On 17 May 1911, there was a royal command performance of the play at the Theatre Royal, Drury Lane, for King George V, in honour of a visit to England by Wilhelm II, German Emperor, and his Empress, directed by Arthur Collins and produced by Sir Squire Bancroft. The cast included George Alexander as Alfred Evelyn, Irene Vanbrugh as Clara Douglas, Winifred Emery as Lady Franklin, Herbert Tree as Graves and Stout, Laurence Irving as Sharp, Charles Hawtrey as Flat, Weedon Grossmith as Frantz, Sydney Valentine as Green, Alexandra Carlisle as Georgina Vesey, Cyril Maude as Sir Frederick Blount, Charles Rock as MacFinch, Norman Forbes as MacStucco, Sir John Hare as Sir John Vesey, and Lewis Waller as Sir John's Servant, and with music arranged by J. M. Glover.
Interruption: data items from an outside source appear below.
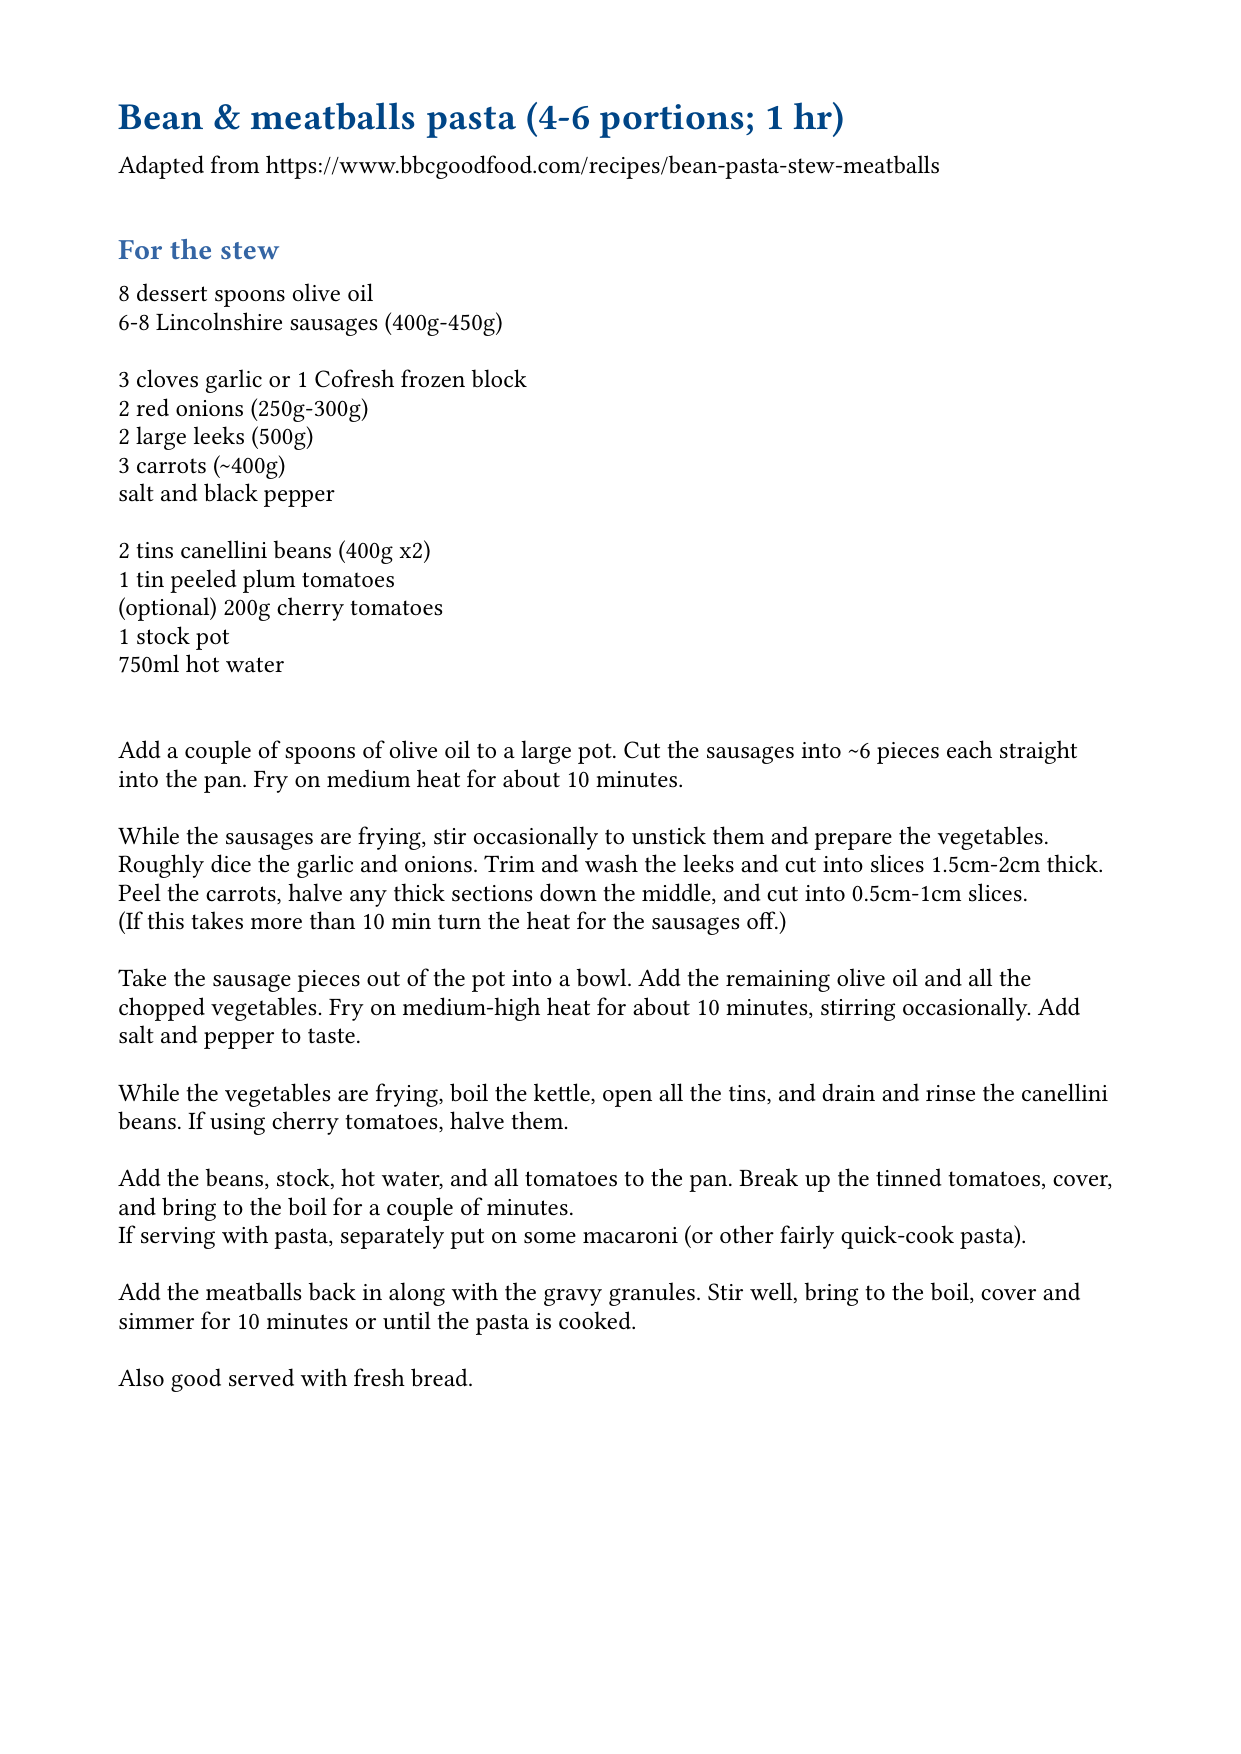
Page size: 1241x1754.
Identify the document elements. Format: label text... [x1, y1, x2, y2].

text (optional) 200g cherry tomatoes [118, 593, 1122, 622]
text 2 tins canellini beans (400g x2) [118, 536, 1122, 565]
text Add the beans, stock, hot water, and all tomatoes to the pan. Break up the tinned tomatoes, cover, and bring to the boil for a couple of minutes. [118, 1164, 1122, 1221]
text 750ml hot water [118, 650, 1122, 679]
text 8 dessert spoons olive oil [118, 279, 1122, 308]
text If serving with pasta, separately put on some macaroni (or other fairly quick-cook pasta). [118, 1221, 1122, 1250]
text 6-8 Lincolnshire sausages (400g-450g) [118, 308, 1122, 336]
text Add a couple of spoons of olive oil to a large pot. Cut the sausages into ~6 pieces each straight into the pan. Fry on medium heat for about 10 minutes. [118, 736, 1122, 793]
text 2 red onions (250g-300g) [118, 393, 1122, 422]
subtitle Bean & meatballs pasta (4-6 portions; 1 hr) [118, 96, 1122, 139]
text (If this takes more than 10 min turn the heat for the sausages off.) [118, 907, 1122, 936]
text Take the sausage pieces out of the pot into a bowl. Add the remaining olive oil and all the chopped vegetables. Fry on medium-high heat for about 10 minutes, stirring occasionally. Add salt and pepper to taste. [118, 964, 1122, 1050]
text Also good served with fresh bread. [118, 1364, 1122, 1392]
text 3 carrots (~400g) [118, 451, 1122, 479]
text Adapted from https://www.bbcgoodfood.com/recipes/bean-pasta-stew-meatballs [118, 152, 1122, 180]
text 1 stock pot [118, 622, 1122, 650]
text 3 cloves garlic or 1 Cofresh frozen block [118, 365, 1122, 393]
text 2 large leeks (500g) [118, 422, 1122, 451]
text salt and black pepper [118, 479, 1122, 508]
text While the sausages are frying, stir occasionally to unstick them and prepare the vegetables. Roughly dice the garlic and onions. Trim and wash the leeks and cut into slices 1.5cm-2cm thick. Peel the carrots, halve any thick sections down the middle, and cut into 0.5cm-1cm slices. [118, 822, 1122, 907]
text While the vegetables are frying, boil the kettle, open all the tins, and drain and rinse the canellini beans. If using cherry tomatoes, halve them. [118, 1078, 1122, 1136]
text 1 tin peeled plum tomatoes [118, 565, 1122, 593]
text Add the meatballs back in along with the gravy granules. Stir well, bring to the boil, cover and simmer for 10 minutes or until the pasta is cooked. [118, 1278, 1122, 1335]
subtitle For the stew [118, 234, 1122, 267]
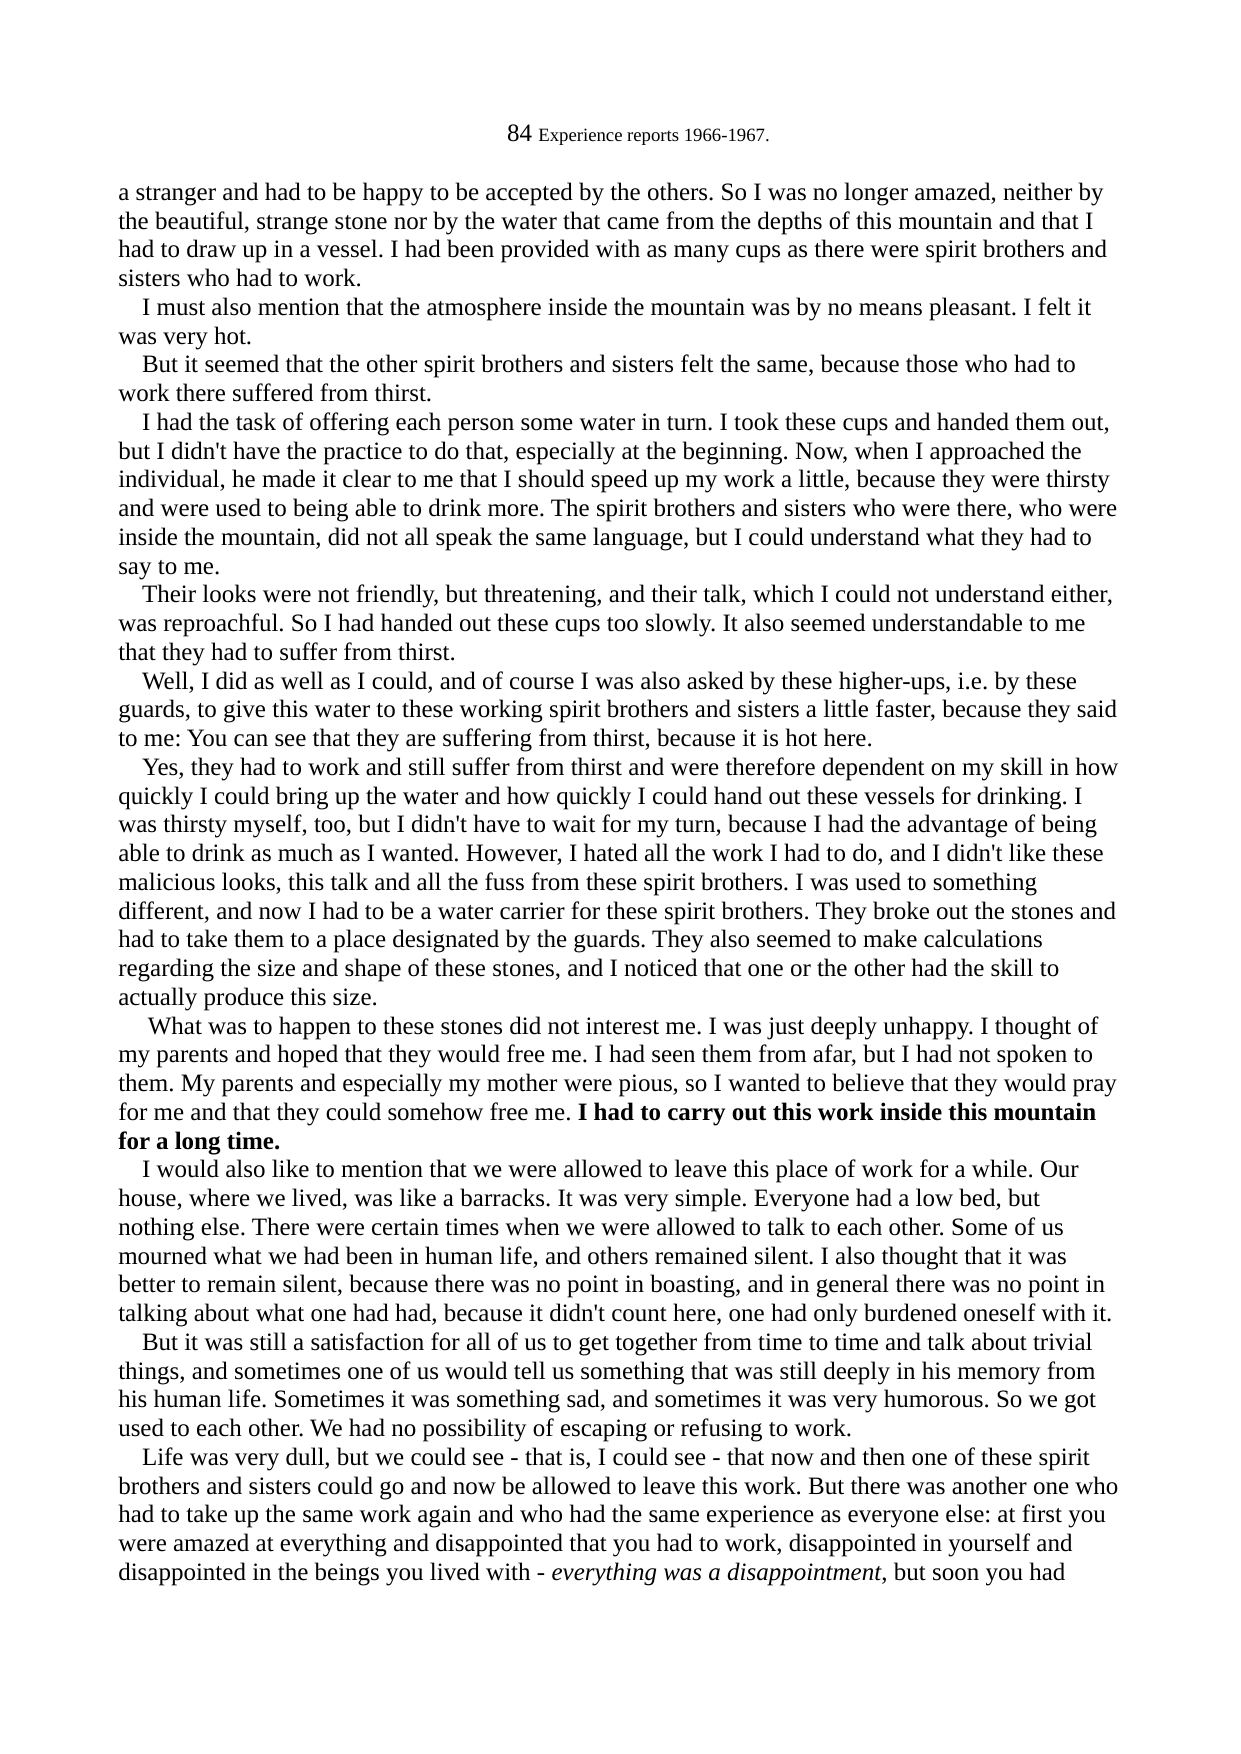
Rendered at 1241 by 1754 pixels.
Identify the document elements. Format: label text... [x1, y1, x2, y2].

text Yes, they had to work and still suffer from thirst and were therefore dependent on my skill in how quickly I could bring up the water and how quickly I could hand out these vessels for drinking. I was thirsty myself, too, but I didn't have to wait for my turn, because I had the advantage of being able to drink as much as I wanted. However, I hated all the work I had to do, and I didn't like these malicious looks, this talk and all the fuss from these spirit brothers. I was used to something different, and now I had to be a water carrier for these spirit brothers. They broke out the stones and had to take them to a place designated by the guards. They also seemed to make calculations regarding the size and shape of these stones, and I noticed that one or the other had the skill to actually produce this size. [118, 752, 1122, 1011]
text I would also like to mention that we were allowed to leave this place of work for a while. Our house, where we lived, was like a barracks. It was very simple. Everyone had a low bed, but nothing else. There were certain times when we were allowed to talk to each other. Some of us mourned what we had been in human life, and others remained silent. I also thought that it was better to remain silent, because there was no point in boasting, and in general there was no point in talking about what one had had, because it didn't count here, one had only burdened oneself with it. [118, 1154, 1122, 1327]
text Their looks were not friendly, but threatening, and their talk, which I could not understand either, was reproachful. So I had handed out these cups too slowly. It also seemed understandable to me that they had to suffer from thirst. [118, 579, 1122, 666]
text I had the task of offering each person some water in turn. I took these cups and handed them out, but I didn't have the practice to do that, especially at the beginning. Now, when I approached the individual, he made it clear to me that I should speed up my work a little, because they were thirsty and were used to being able to drink more. The spirit brothers and sisters who were there, who were inside the mountain, did not all speak the same language, but I could understand what they had to say to me. [118, 407, 1122, 579]
text a stranger and had to be happy to be accepted by the others. So I was no longer amazed, neither by the beautiful, strange stone nor by the water that came from the depths of this mountain and that I had to draw up in a vessel. I had been provided with as many cups as there were spirit brothers and sisters who had to work. [118, 177, 1122, 292]
text I must also mention that the atmosphere inside the mountain was by no means pleasant. I felt it was very hot. [118, 292, 1122, 349]
text But it was still a satisfaction for all of us to get together from time to time and talk about trivial things, and sometimes one of us would tell us something that was still deeply in his memory from his human life. Sometimes it was something sad, and sometimes it was very humorous. So we got used to each other. We had no possibility of escaping or refusing to work. [118, 1327, 1122, 1442]
text Life was very dull, but we could see - that is, I could see - that now and then one of these spirit brothers and sisters could go and now be allowed to leave this work. But there was another one who had to take up the same work again and who had the same experience as everyone else: at first you were amazed at everything and disappointed that you had to work, disappointed in yourself and disappointed in the beings you lived with - everything was a disappointment, but soon you had [118, 1442, 1122, 1586]
text Well, I did as well as I could, and of course I was also asked by these higher-ups, i.e. by these guards, to give this water to these working spirit brothers and sisters a little faster, because they said to me: You can see that they are suffering from thirst, because it is hot here. [118, 666, 1122, 752]
text But it seemed that the other spirit brothers and sisters felt the same, because those who had to work there suffered from thirst. [118, 349, 1122, 407]
text What was to happen to these stones did not interest me. I was just deeply unhappy. I thought of my parents and hoped that they would free me. I had seen them from afar, but I had not spoken to them. My parents and especially my mother were pious, so I wanted to believe that they would pray for me and that they could somehow free me. I had to carry out this work inside this mountain for a long time. [118, 1011, 1122, 1154]

The play was revived again in 1999, this time at the Royal National Theatre, with John Caird as director and with a cast including Jasper Britton, Roger Allam, who in 2000 won the Laurence Olivier Award for Best Actor in a Supporting Role for the part, Simon Russell Beale, Sophie Okonedo, Patricia Hodge, who won Laurence Olivier Award for Best Actress in a Supporting Role, and Victoria Hamilton.

==Film adaptation==

In 1921 the play was adapted into a silent film directed by Duncan McRae and starring Henry Ainley, Faith Bevan and Margot Drake.

==Radio adaptation==
A radio adaptation of the play by Kate Clanchy was premiered by BBC Radio 3 on 19 June 2011 as part of its Money Talks season and repeated on 1 July 2012. It was the first radio play to be directed by Samuel West (who also played the minor and uncredited vocal role of a French tailor). The play was recorded at Bulwer-Lytton's stately home, Knebworth House, and the music was performed by the Endellion String Quartet. The producer was Amber Barnfather. The Financial Times described the production as “faultlessly stylish”.

===Cast===
- Alfred Evelyn – Blake Ritson
- Clara Douglas – Laura Rees
- Sir John Vesey – Ian McDiarmid
- Lady Franklin – Celia Imrie
- Henry Graves – Roger Allam
- Georgina Vesey – Phoebe Waller-Bridge
- Sir Frederick Blount – Bertie Carvel
- Benjamin Stout – Richard Cordery
- Captain Dudley Smooth – Tom Goodman-Hill
- Flash – Nicholas Boulton

==Japanese adaptation==
In 1878, this play was adopted into a modern kabuki style play by Kawatake Mokuami. Called Ningen Banji Kane Yono Naka ("Everything in the world is run by money"), it is still performed to this day.